C3 convertase of human complement: enhanced formation and stability of the enzyme generated with nickel instead of magnesium.

Abstract

We demonstrate that nickel++ (Ni) can replace Mg in the formation of the C3b,Bb enzyme, and that Ni is more efficient in enzyme formation than Mg. C3b-bearing sheep erythrocytes (EC3b) were used to measure radiolabeled Factor B uptake and C3 convertase activity. Up to nine times more Factor B was specifically bound to EC3b in the presence of Ni than in the presence of Mg under identical conditions. To form one effective hemolytic site (1 Z) per EC3b cell with Ni, three times less Factor B, 12 times less Factor D, and 66 times less metal ion were required than when using Mg. The C3b,Bb formed with Ni (C3b,Bb(Ni)) had a 5 to 10 times longer half-life at different temperatures than the enzyme formed with Mg (C3b,Bb(Mg)). Native properdin stabilized C3b,Bb(Ni) to the same extent as C3b,Bb(Mg) (four to five times) and Factor H accelerated similarly the decay of both enzymes. Ni could also replace Mg in the formation of the C4b,2a enzyme.

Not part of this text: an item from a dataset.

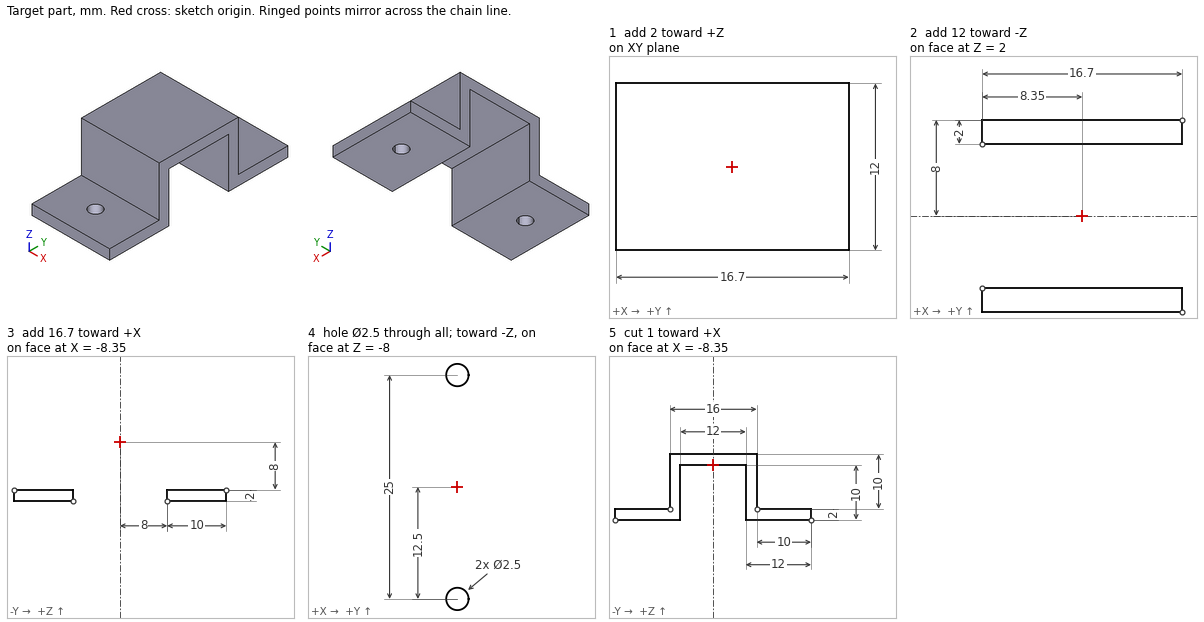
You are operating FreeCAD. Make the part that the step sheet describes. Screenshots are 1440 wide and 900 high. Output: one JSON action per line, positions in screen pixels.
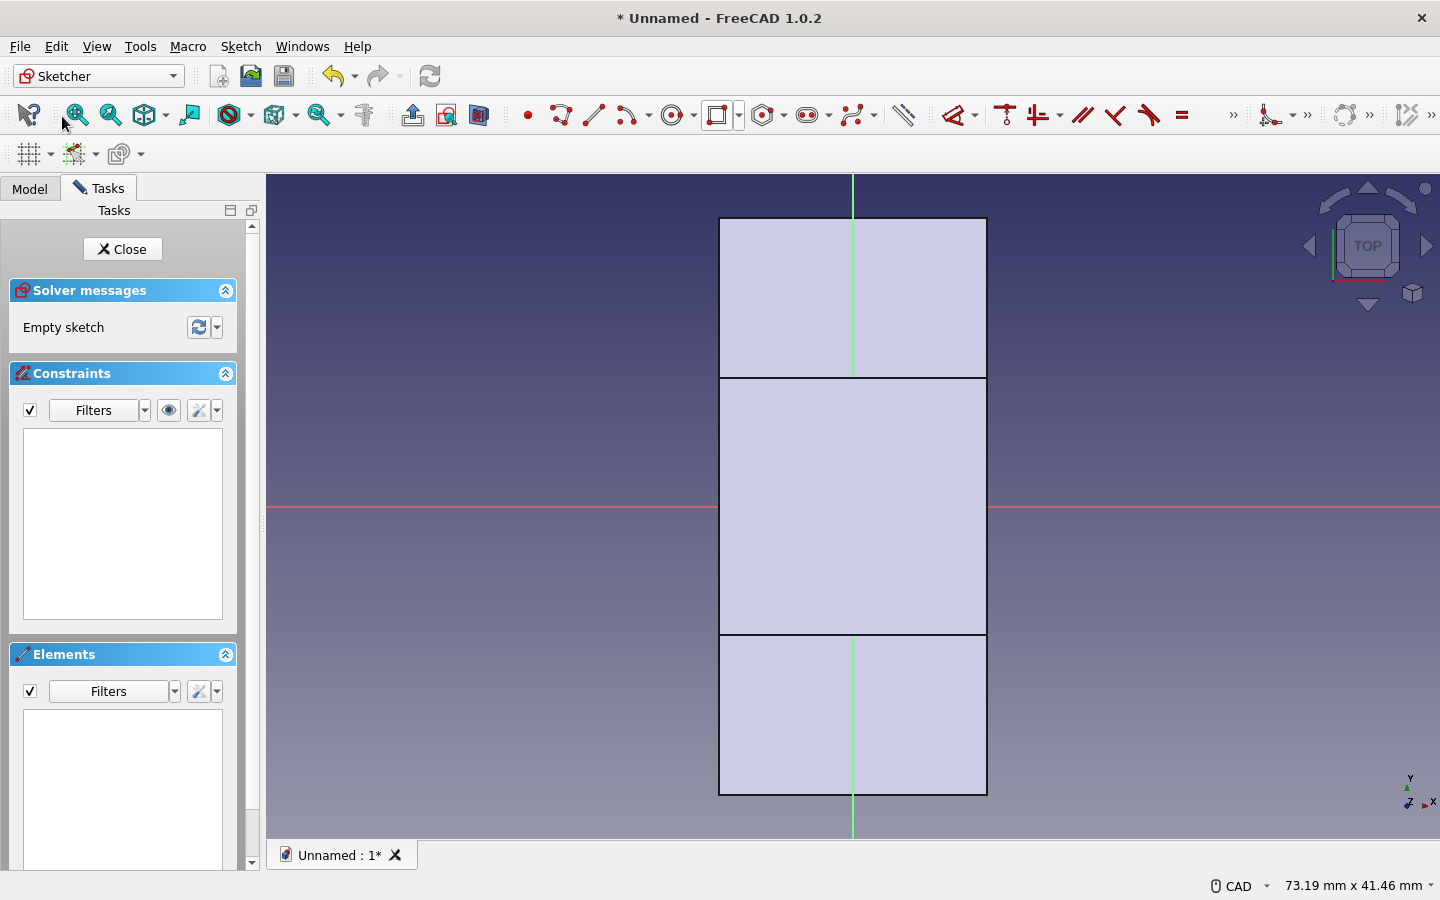
{"action": "left_click", "coordinate": [479, 116]}
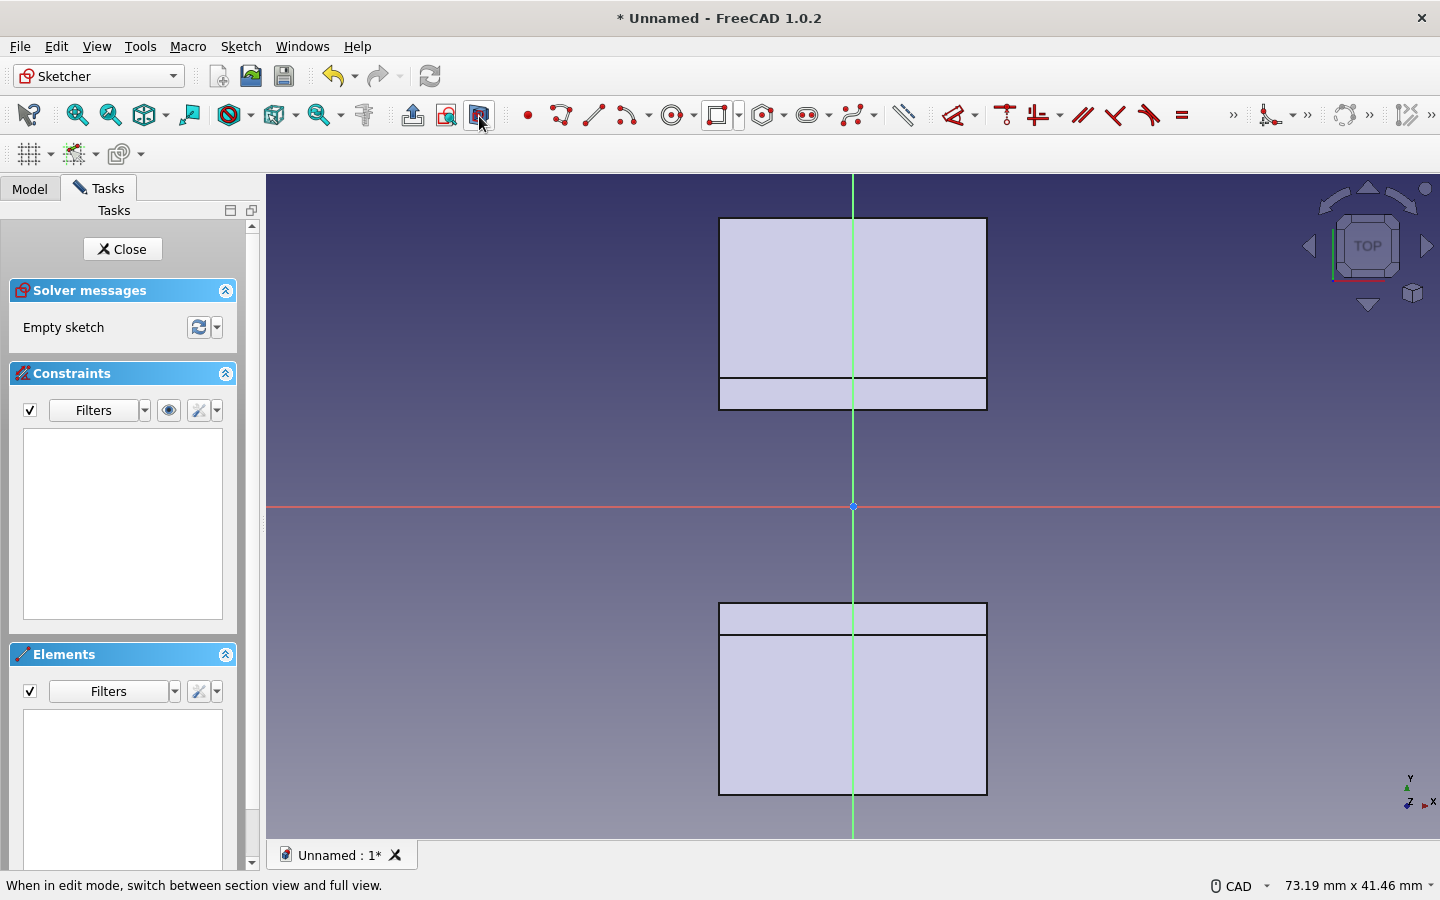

C4b,2a formation was measured by using C1 and C4b-bearing sheep erythrocytes (EAC1,4b) and native C2. To form 1 Z per EAC1,4b cell with Ni, two times less C2 and 60 times less metal ion were required than when using Mg. The half-life of the C4b,2a formed with Ni was two times longer than that formed with Mg. Decay of both C3b,Bb and C4b,2a enzymes formed either with Mg or with Ni was unaffected by EDTA. These results show that Ni is more efficient than Mg in the generation of both enzymes and suggest that Ni binds to the Mg-binding sites of the enzymes with a higher affinity than Mg.